Every line of the data below is to be written out again exactly.

==========

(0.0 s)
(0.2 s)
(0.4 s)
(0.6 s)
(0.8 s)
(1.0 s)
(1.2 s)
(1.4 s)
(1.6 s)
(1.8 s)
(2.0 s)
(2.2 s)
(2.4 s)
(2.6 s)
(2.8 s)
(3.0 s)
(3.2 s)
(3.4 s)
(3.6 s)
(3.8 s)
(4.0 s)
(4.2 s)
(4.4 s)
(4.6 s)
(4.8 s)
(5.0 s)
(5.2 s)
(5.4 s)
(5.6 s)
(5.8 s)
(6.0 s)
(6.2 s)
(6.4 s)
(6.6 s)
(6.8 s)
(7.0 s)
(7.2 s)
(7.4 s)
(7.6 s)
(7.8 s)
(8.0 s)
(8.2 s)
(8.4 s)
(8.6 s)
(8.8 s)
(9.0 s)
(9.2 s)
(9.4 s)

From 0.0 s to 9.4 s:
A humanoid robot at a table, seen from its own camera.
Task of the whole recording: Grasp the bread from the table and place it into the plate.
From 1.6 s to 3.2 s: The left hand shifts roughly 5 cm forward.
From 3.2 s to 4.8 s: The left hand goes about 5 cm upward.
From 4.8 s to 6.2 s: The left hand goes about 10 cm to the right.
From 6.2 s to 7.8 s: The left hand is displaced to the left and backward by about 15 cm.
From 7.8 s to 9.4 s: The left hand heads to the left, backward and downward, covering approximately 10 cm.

==========

■ **Written solution**:
(0.0 s)
(0.2 s)
(0.4 s)
(0.6 s)
(0.8 s)
(1.0 s)
(1.2 s)
(1.4 s)
(1.6 s)
(1.8 s)
(2.0 s)
(2.2 s)
(2.4 s)
(2.6 s)
(2.8 s)
(3.0 s)
(3.2 s)
(3.4 s)
(3.6 s)
(3.8 s)
(4.0 s)
(4.2 s)
(4.4 s)
(4.6 s)
(4.8 s)
(5.0 s)
(5.2 s)
(5.4 s)
(5.6 s)
(5.8 s)
(6.0 s)
(6.2 s)
(6.4 s)
(6.6 s)
(6.8 s)
(7.0 s)
(7.2 s)
(7.4 s)
(7.6 s)
(7.8 s)
(8.0 s)
(8.2 s)
(8.4 s)
(8.6 s)
(8.8 s)
(9.0 s)
(9.2 s)
(9.4 s)

From 0.0 s to 9.4 s:
A humanoid robot at a table, seen from its own camera.
Task of the whole recording: Grasp the bread from the table and place it into the plate.
From 1.6 s to 3.2 s: The left hand shifts roughly 5 cm forward.
From 3.2 s to 4.8 s: The left hand goes about 5 cm upward.
From 4.8 s to 6.2 s: The left hand goes about 10 cm to the right.
From 6.2 s to 7.8 s: The left hand is displaced to the left and backward by about 15 cm.
From 7.8 s to 9.4 s: The left hand heads to the left, backward and downward, covering approximately 10 cm.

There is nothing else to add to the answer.